> YOUR ASSIGNMENT
Read the data, and whenever a line holds the word "Rendered", report that line.

> Items from a data source
^^^^^^^^^^^^^^^^
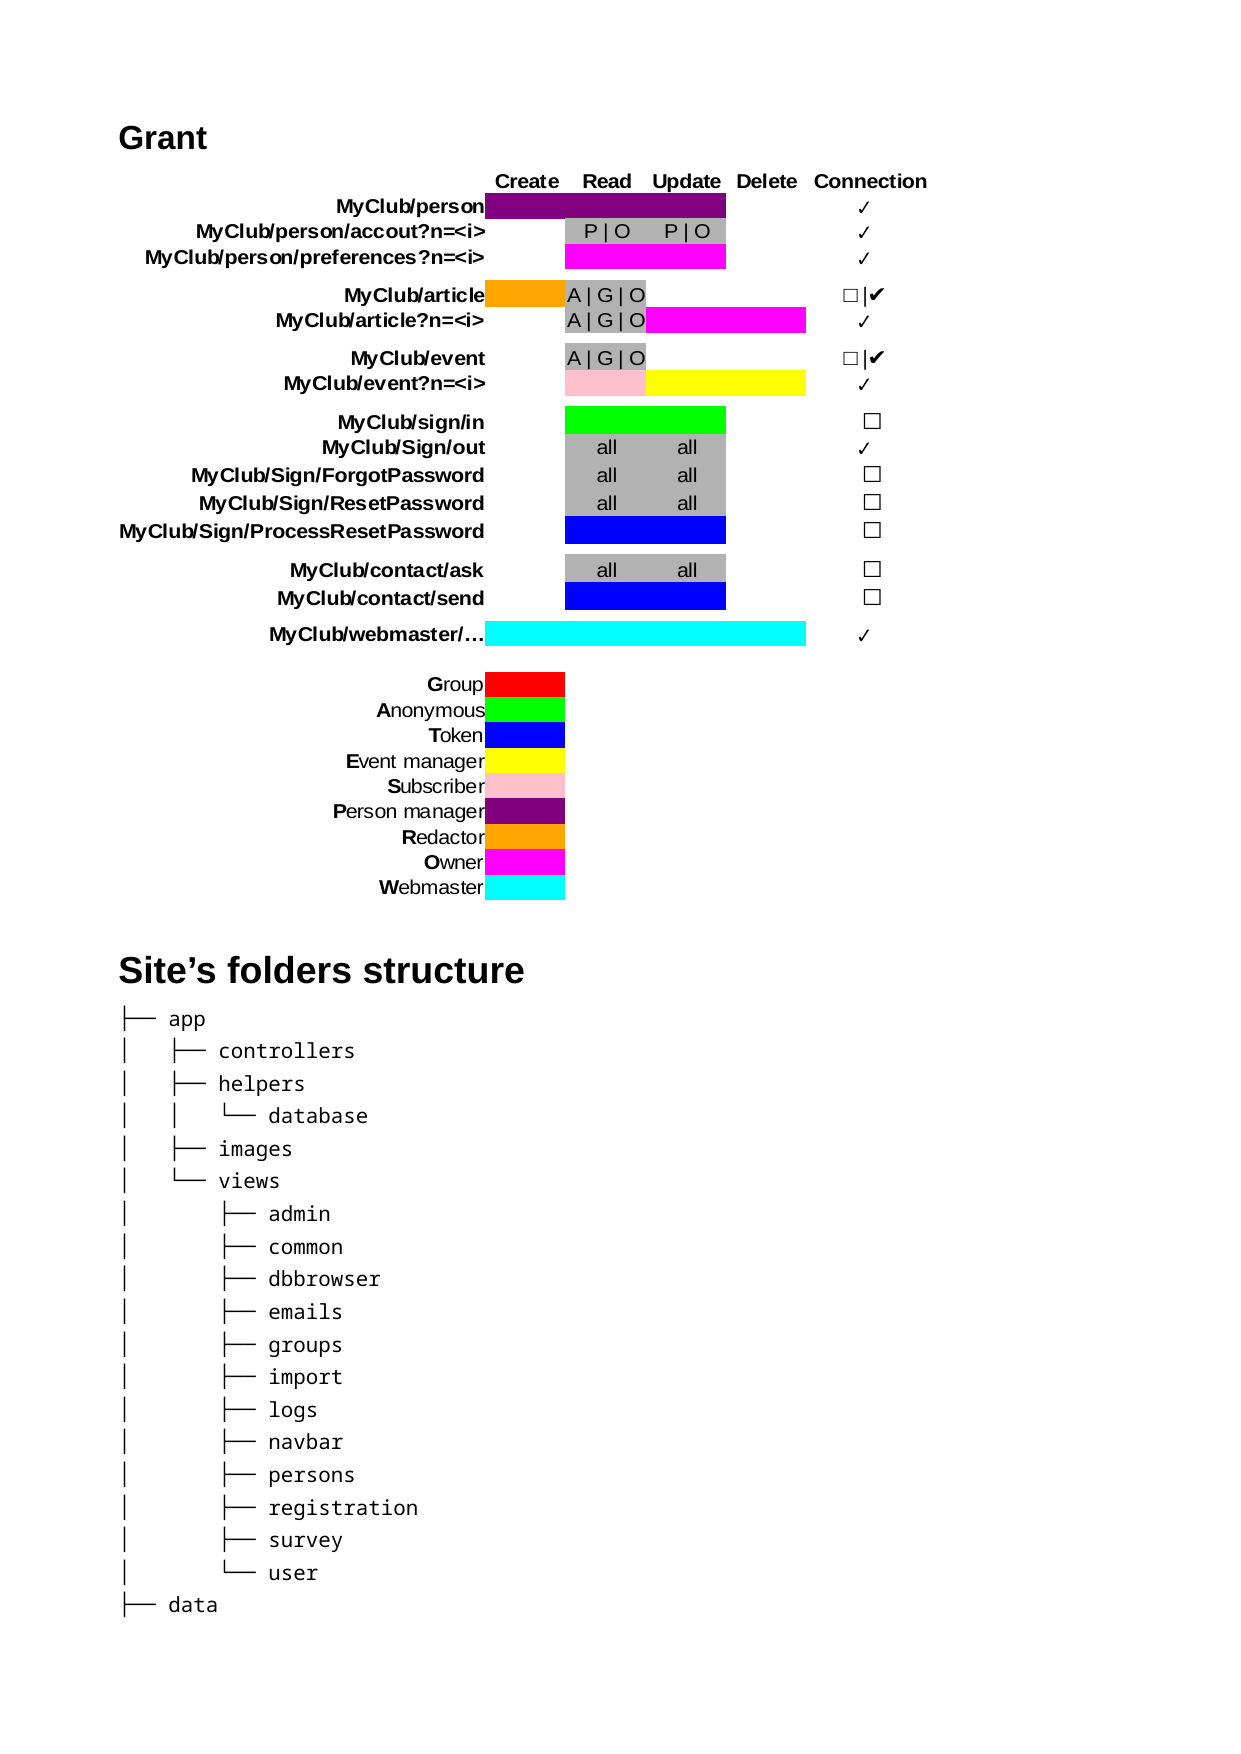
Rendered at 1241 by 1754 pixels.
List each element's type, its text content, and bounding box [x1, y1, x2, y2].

text │ └── user [118, 1558, 1122, 1586]
text │ ├── admin [118, 1199, 1122, 1228]
text │ ├── navbar [118, 1427, 1122, 1456]
text ├── data [118, 1591, 1122, 1619]
text │ ├── dbbrowser [118, 1264, 1122, 1293]
text │ ├── registration [118, 1493, 1122, 1521]
text │ ├── groups [118, 1330, 1122, 1358]
text │ ├── controllers [118, 1036, 1122, 1065]
text │ ├── logs [118, 1395, 1122, 1423]
subtitle Grant [118, 118, 1122, 157]
text │ │ └── database [118, 1101, 1122, 1130]
text │ ├── common [118, 1232, 1122, 1260]
text │ ├── helpers [118, 1069, 1122, 1097]
subtitle Site’s folders structure [118, 948, 1122, 991]
text │ ├── emails [118, 1297, 1122, 1326]
text │ └── views [118, 1167, 1122, 1195]
text │ ├── survey [118, 1525, 1122, 1554]
text │ ├── import [118, 1362, 1122, 1391]
text │ ├── persons [118, 1460, 1122, 1488]
text ├── app [118, 1004, 1122, 1032]
text │ ├── images [118, 1134, 1122, 1162]
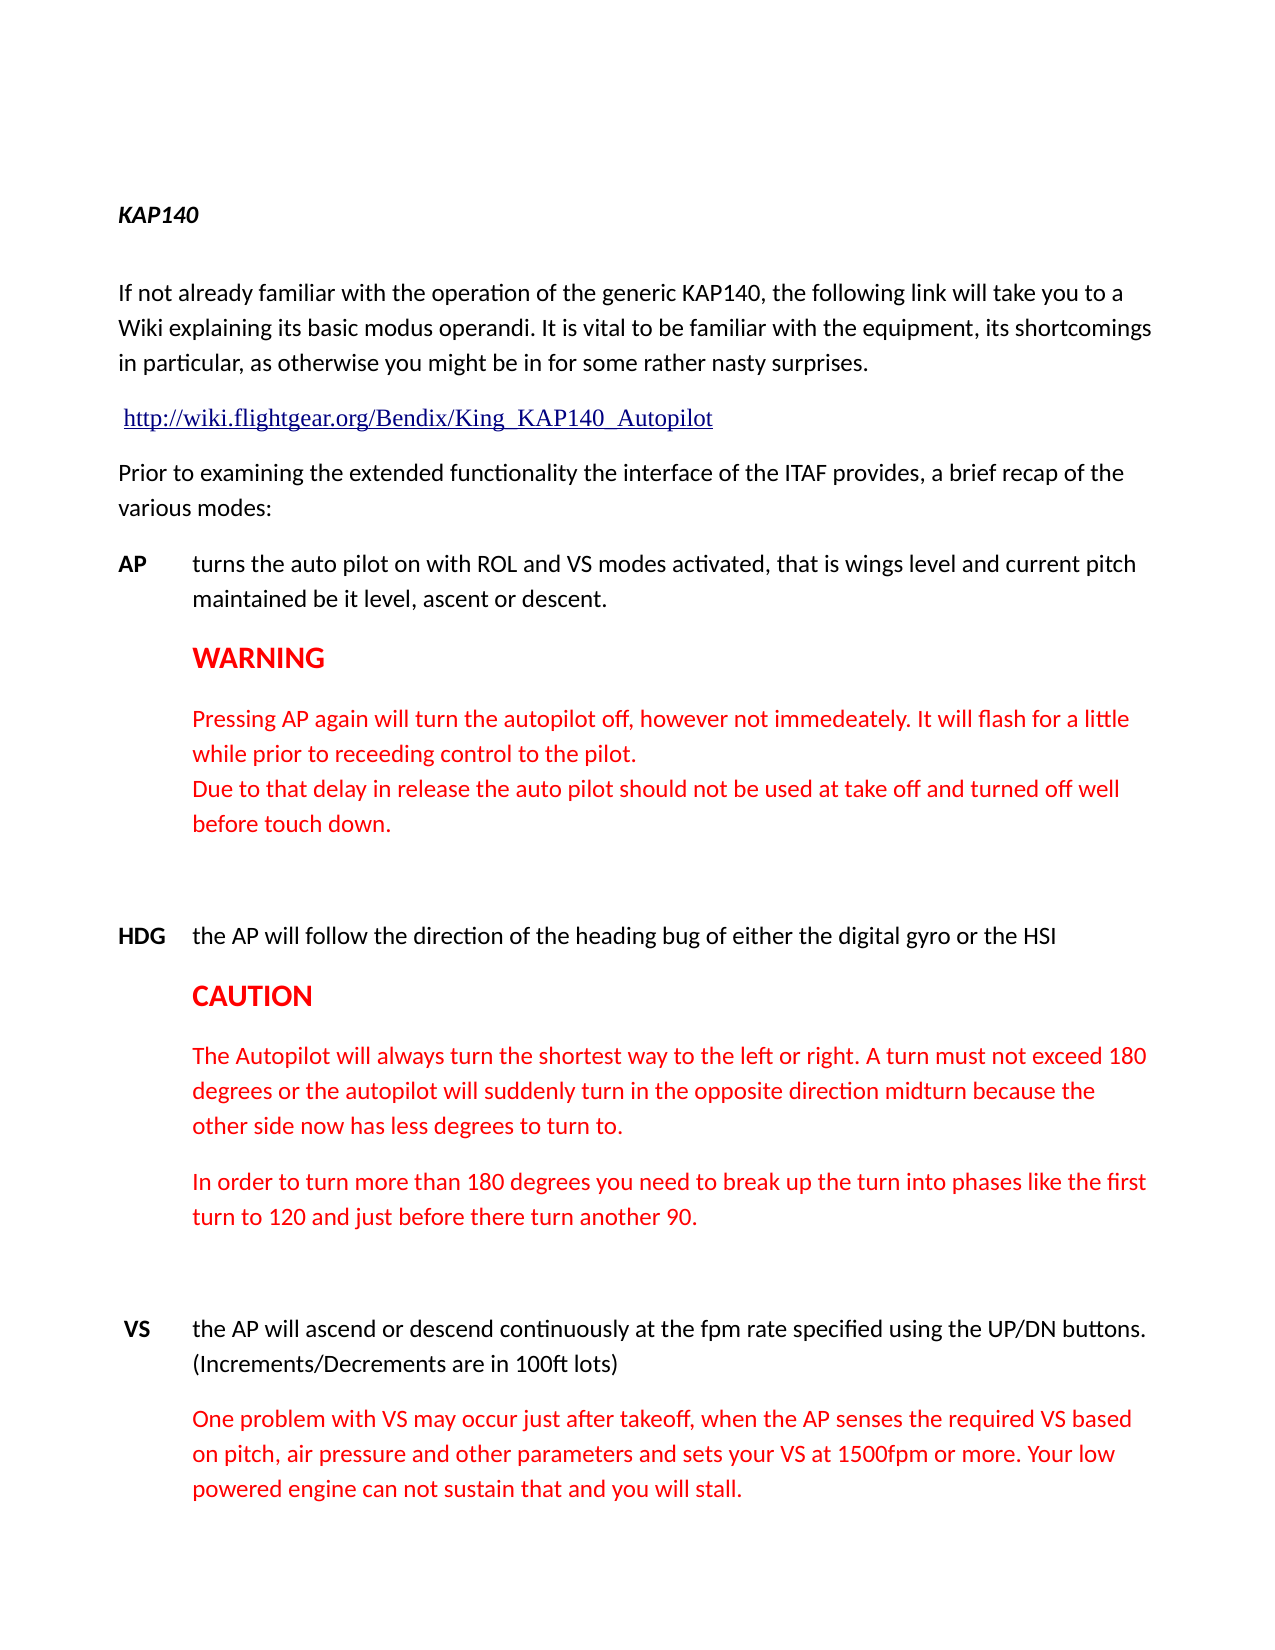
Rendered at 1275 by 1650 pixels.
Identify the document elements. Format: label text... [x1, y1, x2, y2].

text WARNING [118, 639, 1157, 677]
text If not already familiar with the operation of the generic KAP140, the following link will take you to a Wiki explaining its basic modus operandi. It is vital to be familiar with the equipment, its shortcomings in particular, as otherwise you might be in for some rather nasty surprises. [118, 242, 1157, 377]
text http://wiki.flightgear.org/Bendix/King_KAP140_Autopilot [118, 403, 1157, 432]
text The Autopilot will always turn the shortest way to the left or right. A turn must not exceed 180 degrees or the autopilot will suddenly turn in the opposite direction midturn because the other side now has less degrees to turn to. [118, 1040, 1157, 1141]
text CAUTION [118, 976, 1157, 1014]
text AP turns the auto pilot on with ROL and VS modes activated, that is wings level and current pitch maintained be it level, ascent or descent. [118, 548, 1157, 613]
text Prior to examining the extended functionality the interface of the ITAF provides, a brief recap of the various modes: [118, 457, 1157, 522]
text VS the AP will ascend or descend continuously at the fpm rate specified using the UP/DN buttons. (Increments/Decrements are in 100ft lots) [118, 1313, 1157, 1378]
text One problem with VS may occur just after takeoff, when the AP senses the required VS based on pitch, air pressure and other parameters and sets your VS at 1500fpm or more. Your low powered engine can not sustain that and you will stall. [118, 1404, 1157, 1504]
text In order to turn more than 180 degrees you need to break up the turn into phases like the first turn to 120 and just before there turn another 90. [118, 1166, 1157, 1232]
text Pressing AP again will turn the autopilot off, however not immedeately. It will flash for a little while prior to receeding control to the pilot. Due to that delay in release the auto pilot should not be used at take off and turned off well before touch down. [118, 703, 1157, 839]
subtitle KAP140 [118, 199, 1157, 229]
text HDG the AP will follow the direction of the heading bug of either the digital gyro or the HSI [118, 920, 1157, 950]
^^^^^^^^^^^^^^^^
> ANSWER SECTION
Rendered at 1241 by 1754 pixels.
Rendered at 1275 by 1650 pixels.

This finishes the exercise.